A bit of a warning here - the default installed system is HUGE. It took me a while to work out why - it's got a directory C:\IBMTOOLS that is about a gigabyte, and full of things you won't need (like an old version of Acrobat reader). It also includes the Dos drivers you'll need to set up a Ghost boot disk, by the way (an easy job, using Ghost Boot Disk Wizard - and yes, the T40 has completely different components from the T21).

Anyway, having deleted the IBMTOOLS directory, the image gets a whole lot smaller, so a good deal more managable for Ghost images. I did all the usual "standard build" system thing on the machine - man this thing is fast. I know the T21 is getting on a bit, but it's probably less than half as fast as the T40.

From an aesthetic point of view, the T40 is way better looking than the T21 - it's slimmer, sharper somehow and lighter, etc etc. It's got the IBM Trackpoint (which I know a lot of people hate, but I love) and one of those trackpad things (which I know a lot of people love, but I hate). It's got built in WLAN, which is a great idea, although took some time for me to figure out how to turn it off (seeing as it's a potential security risk while unconfigured). I'm not sure I like the blue "Access IBM" button - a bit cheesy, but I guess I can live with it.

From a technical point of view, this looks like a very decent machine. It completes Seti work units in about half the time my T21 can do 'em, and has the disk and display technology to match that. You can't get much memory in it though - it looks like a gigabyte is the maximum, and is incredibly expensive (half a gigabyte is easily affordable). You seem to get 256MB built in, so you actually get to 768MB with half a gigabyte installed - nice.

All in all, the T40 looks pretty damn good to me. I like it (although it takes some getting used to). As a user, I'm sure this machine will be really very good indeed as it's got the beef to satisfy even the most hardened Office user ;-) Of course, it remains to be seen how Half Life 2 runs on it (or even Half Life 1, for that matter!).

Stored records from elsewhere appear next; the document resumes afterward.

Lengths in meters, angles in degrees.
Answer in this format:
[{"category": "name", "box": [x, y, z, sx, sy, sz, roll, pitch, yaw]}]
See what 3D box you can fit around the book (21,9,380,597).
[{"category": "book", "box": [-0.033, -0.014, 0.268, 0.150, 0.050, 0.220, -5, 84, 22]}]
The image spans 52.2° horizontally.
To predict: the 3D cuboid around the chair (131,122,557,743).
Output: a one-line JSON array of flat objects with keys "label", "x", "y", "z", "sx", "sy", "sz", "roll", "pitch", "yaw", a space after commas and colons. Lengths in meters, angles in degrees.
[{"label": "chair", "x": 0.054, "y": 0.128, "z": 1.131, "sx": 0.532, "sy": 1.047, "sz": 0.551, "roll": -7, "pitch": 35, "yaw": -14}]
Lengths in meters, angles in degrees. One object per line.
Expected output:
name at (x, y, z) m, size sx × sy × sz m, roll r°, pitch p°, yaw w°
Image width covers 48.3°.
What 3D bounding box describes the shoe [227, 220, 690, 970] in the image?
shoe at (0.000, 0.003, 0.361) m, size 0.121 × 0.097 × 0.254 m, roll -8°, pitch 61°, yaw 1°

Submitted by coofercat on Thu, 2003-08-21 14:04

Comments

Dell's Price Cut and IBM's T40

Has anyone successfully found a way to ghost an image of the T40 with whatever applications you use installed?It's been quite a challenge for me and my only issue with the T40.My enterprise has procured the IBM ThinkPads from the T20 days.Without an removable internal floppy drive network ghosting is virtually impossible.Symantec has issues with network ghosting from a docking station floppy drive and ghosting an image to cdrom would be okay only if you wanted to install the base OS and then you'd have to delete the c:\ibmtools directory to do so on one cd.Has anyone found a way to create an image and save to a network drive with the challenges of not having an internal floppy drive on the T40?If so please let me know, other than that the T40 is a fine laptop and excellent successor from the T30 which is also an very stable laptop.

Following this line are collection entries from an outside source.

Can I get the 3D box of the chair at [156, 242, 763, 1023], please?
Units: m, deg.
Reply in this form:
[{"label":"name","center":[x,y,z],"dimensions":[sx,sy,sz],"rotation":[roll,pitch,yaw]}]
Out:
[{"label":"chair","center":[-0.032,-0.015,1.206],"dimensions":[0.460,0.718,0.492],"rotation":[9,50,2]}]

Submitted by Darryl Leach (not verified) on Tue, 2003-10-28 21:08.
Dell's Price Cut and IBM's T40

I know it's a complete rip-off, but the USB floppy from IBM will do the trick nicely. It's 50UKP, which is far too expensive (clone drives may also work, but I haven't tried any).

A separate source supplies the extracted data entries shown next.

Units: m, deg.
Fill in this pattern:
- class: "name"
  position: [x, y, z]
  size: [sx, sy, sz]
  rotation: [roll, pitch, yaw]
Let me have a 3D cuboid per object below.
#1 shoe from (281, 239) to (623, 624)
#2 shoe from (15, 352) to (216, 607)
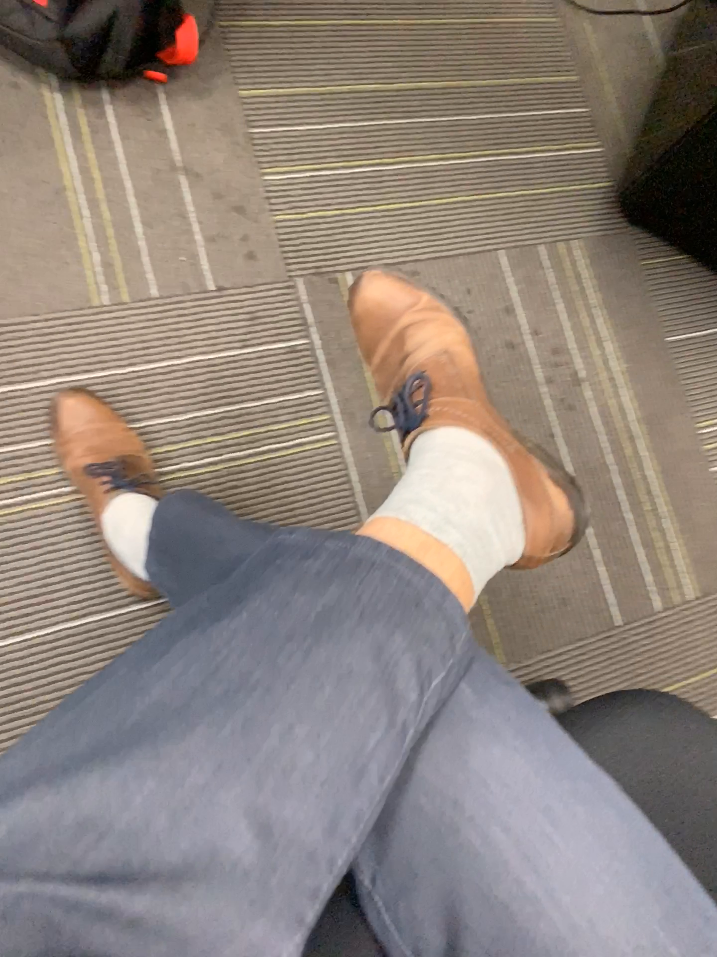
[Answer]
- class: "shoe"
  position: [0.072, -0.042, 0.607]
  size: [0.082, 0.114, 0.293]
  rotation: [-26, 80, -49]
- class: "shoe"
  position: [-0.287, 0.003, 0.871]
  size: [0.112, 0.068, 0.276]
  rotation: [-27, 87, -20]
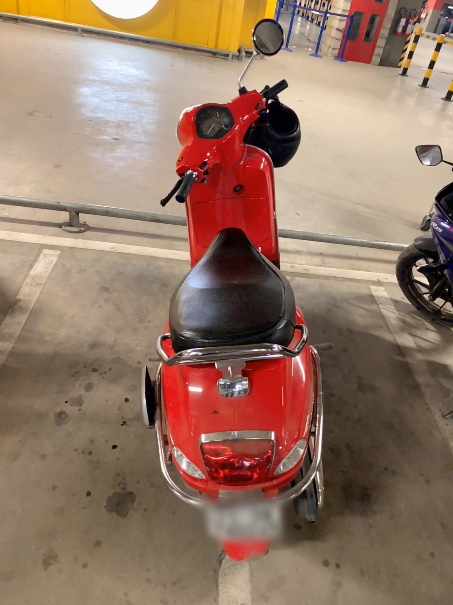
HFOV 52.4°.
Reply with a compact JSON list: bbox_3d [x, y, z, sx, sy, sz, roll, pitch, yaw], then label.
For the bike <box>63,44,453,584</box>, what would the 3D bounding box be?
[{"bbox_3d":[-0.132,-0.123,1.733,0.632,1.201,1.687,3,36,-11],"label":"bike"}]

At the time, we only had Ghost in a master/slave arrangement. I created the master floppy very easily once I'd identified the driver file out of the c:\ibmtools directory. I just told Ghost about the driver and it made me the correct floppy for the job. I guess there's a similar procedure for Ghost multi-cast, but I've never used that (yet).

I guess, if you don't want that expensive drive, you could make a floppy with Ghost, and then just make a bootable CD from it. Probably a hammer to crack a nut, but should work.

Submitted by coofercat on Tue, 2003-11-25 12:43.
Dell's Price Cut and IBM's T40

Make a bootable CD with DOS and a copy of Ghost and use it to bootup the notebook for cloning.

http://www.merchant-court.com

Submitted by Kent (not verified) on Fri, 2004-04-30 12:30.